# Work instruction:
Each line of the data has to be written out again exactly as shown.

# Data shown:
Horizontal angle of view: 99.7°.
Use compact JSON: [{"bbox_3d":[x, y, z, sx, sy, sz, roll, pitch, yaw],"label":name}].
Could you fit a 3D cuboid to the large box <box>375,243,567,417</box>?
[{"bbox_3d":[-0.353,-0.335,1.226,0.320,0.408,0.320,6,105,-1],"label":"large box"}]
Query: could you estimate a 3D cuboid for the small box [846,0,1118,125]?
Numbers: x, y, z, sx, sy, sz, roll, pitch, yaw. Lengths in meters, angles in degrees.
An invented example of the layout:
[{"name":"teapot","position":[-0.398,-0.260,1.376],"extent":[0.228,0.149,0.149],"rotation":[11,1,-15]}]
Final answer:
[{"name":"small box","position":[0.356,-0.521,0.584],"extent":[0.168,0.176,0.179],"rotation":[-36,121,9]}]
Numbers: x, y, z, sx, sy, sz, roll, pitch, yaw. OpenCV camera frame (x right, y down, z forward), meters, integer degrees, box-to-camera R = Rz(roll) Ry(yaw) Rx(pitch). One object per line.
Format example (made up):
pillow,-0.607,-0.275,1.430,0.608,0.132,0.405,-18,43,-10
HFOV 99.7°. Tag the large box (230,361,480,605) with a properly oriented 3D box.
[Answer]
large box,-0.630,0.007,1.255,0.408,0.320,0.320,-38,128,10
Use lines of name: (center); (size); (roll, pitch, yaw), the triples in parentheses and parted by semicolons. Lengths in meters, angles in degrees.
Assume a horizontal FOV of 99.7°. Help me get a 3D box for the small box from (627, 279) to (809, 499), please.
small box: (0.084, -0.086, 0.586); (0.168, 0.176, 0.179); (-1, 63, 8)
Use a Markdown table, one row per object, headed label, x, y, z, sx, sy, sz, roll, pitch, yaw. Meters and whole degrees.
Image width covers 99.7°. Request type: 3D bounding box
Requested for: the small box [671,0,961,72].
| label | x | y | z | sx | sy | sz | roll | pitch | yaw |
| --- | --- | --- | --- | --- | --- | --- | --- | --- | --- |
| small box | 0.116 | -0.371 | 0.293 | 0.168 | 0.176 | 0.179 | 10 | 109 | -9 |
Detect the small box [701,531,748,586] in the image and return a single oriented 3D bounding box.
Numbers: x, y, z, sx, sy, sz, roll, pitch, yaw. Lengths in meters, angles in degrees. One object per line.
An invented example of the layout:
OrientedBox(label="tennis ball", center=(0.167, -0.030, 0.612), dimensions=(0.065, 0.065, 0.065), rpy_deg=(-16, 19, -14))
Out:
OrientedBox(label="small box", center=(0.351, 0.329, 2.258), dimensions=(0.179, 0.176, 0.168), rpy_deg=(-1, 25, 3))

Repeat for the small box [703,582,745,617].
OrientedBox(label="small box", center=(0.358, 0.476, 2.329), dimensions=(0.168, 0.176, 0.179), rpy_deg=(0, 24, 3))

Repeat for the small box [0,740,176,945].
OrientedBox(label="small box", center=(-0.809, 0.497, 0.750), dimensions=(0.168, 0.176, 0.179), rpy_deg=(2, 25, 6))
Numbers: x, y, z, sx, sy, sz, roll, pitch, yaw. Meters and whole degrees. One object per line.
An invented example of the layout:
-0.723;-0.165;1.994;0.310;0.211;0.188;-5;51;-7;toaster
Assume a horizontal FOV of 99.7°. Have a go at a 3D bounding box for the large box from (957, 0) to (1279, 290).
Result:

# Solution below:
Horizontal angle of view: 99.7°.
Use compact JSON: [{"bbox_3d":[x, y, z, sx, sy, sz, roll, pitch, yaw],"label":name}].
Could you fit a 3D cuboid to the large box <box>375,243,567,417</box>?
[{"bbox_3d":[-0.353,-0.335,1.226,0.320,0.408,0.320,6,105,-1],"label":"large box"}]
Query: could you estimate a 3D cuboid for the small box [846,0,1118,125]?
Numbers: x, y, z, sx, sy, sz, roll, pitch, yaw. Lengths in meters, angles in degrees.
An invented example of the layout:
[{"name":"teapot","position":[-0.398,-0.260,1.376],"extent":[0.228,0.149,0.149],"rotation":[11,1,-15]}]
Final answer:
[{"name":"small box","position":[0.356,-0.521,0.584],"extent":[0.168,0.176,0.179],"rotation":[-36,121,9]}]
Numbers: x, y, z, sx, sy, sz, roll, pitch, yaw. OpenCV camera frame (x right, y down, z forward), meters, integer degrees, box-to-camera R = Rz(roll) Ry(yaw) Rx(pitch). One object per line.
Format example (made up):
pillow,-0.607,-0.275,1.430,0.608,0.132,0.405,-18,43,-10
HFOV 99.7°. Tag the large box (230,361,480,605) with a properly oriented 3D box.
[Answer]
large box,-0.630,0.007,1.255,0.408,0.320,0.320,-38,128,10
Use lines of name: (center); (size); (roll, pitch, yaw), the triples in parentheses and parted by semicolons. Lengths in meters, angles in degrees.
Assume a horizontal FOV of 99.7°. Help me get a 3D box for the small box from (627, 279) to (809, 499), please.
small box: (0.084, -0.086, 0.586); (0.168, 0.176, 0.179); (-1, 63, 8)
Use a Markdown table, one row per object, headed label, x, y, z, sx, sy, sz, roll, pitch, yaw. Meters and whole degrees.
Image width covers 99.7°. Request type: 3D bounding box
Requested for: the small box [671,0,961,72].
| label | x | y | z | sx | sy | sz | roll | pitch | yaw |
| --- | --- | --- | --- | --- | --- | --- | --- | --- | --- |
| small box | 0.116 | -0.371 | 0.293 | 0.168 | 0.176 | 0.179 | 10 | 109 | -9 |
Detect the small box [701,531,748,586] in the image and return a single oriented 3D bounding box.
Numbers: x, y, z, sx, sy, sz, roll, pitch, yaw. Lengths in meters, angles in degrees. One object per line.
An invented example of the layout:
OrientedBox(label="tennis ball", center=(0.167, -0.030, 0.612), dimensions=(0.065, 0.065, 0.065), rpy_deg=(-16, 19, -14))
Out:
OrientedBox(label="small box", center=(0.351, 0.329, 2.258), dimensions=(0.179, 0.176, 0.168), rpy_deg=(-1, 25, 3))

Repeat for the small box [703,582,745,617].
OrientedBox(label="small box", center=(0.358, 0.476, 2.329), dimensions=(0.168, 0.176, 0.179), rpy_deg=(0, 24, 3))

Repeat for the small box [0,740,176,945].
OrientedBox(label="small box", center=(-0.809, 0.497, 0.750), dimensions=(0.168, 0.176, 0.179), rpy_deg=(2, 25, 6))
Numbers: x, y, z, sx, sy, sz, roll, pitch, yaw. Meters and whole degrees. One object per line.
An invented example of the layout:
-0.723;-0.165;1.994;0.310;0.211;0.188;-5;51;-7;toaster
Assume a horizontal FOV of 99.7°. Have a go at a 3D bounding box for the large box from (957, 0) to (1279, 290).
Result:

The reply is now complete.